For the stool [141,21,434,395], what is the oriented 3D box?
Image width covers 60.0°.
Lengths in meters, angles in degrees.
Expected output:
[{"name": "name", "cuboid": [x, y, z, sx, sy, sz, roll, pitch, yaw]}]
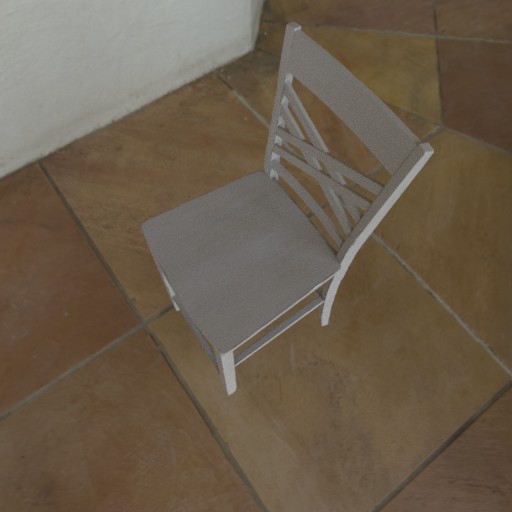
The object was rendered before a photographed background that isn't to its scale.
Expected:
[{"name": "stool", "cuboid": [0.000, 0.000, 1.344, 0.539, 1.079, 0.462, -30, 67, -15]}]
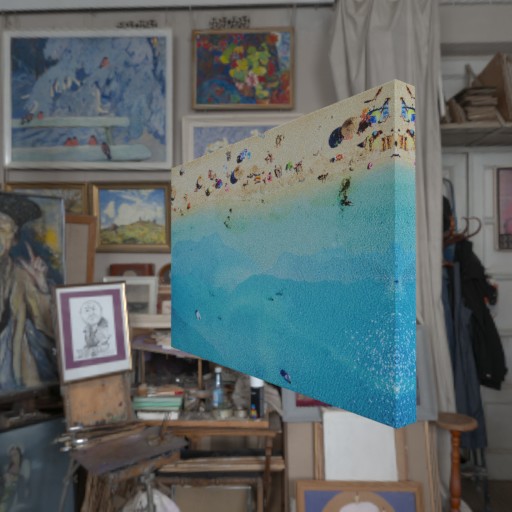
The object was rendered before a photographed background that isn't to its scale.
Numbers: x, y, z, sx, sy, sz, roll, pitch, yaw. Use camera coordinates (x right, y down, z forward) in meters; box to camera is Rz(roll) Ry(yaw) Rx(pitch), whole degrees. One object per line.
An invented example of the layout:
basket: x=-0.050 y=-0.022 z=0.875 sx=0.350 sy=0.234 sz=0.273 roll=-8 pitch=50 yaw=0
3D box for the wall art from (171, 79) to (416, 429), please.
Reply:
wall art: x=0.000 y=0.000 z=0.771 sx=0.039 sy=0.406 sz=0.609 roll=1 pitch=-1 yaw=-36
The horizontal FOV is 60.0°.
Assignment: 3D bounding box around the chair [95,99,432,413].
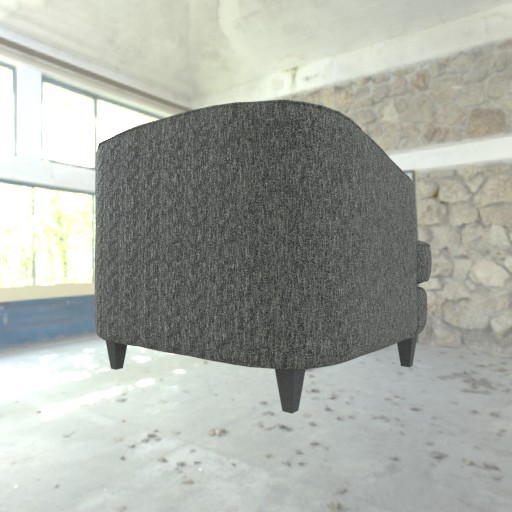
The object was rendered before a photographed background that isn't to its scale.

What is expected: Using the material above, work out how many lines hold the word "meters". Reply with that number alone.

Task result: 2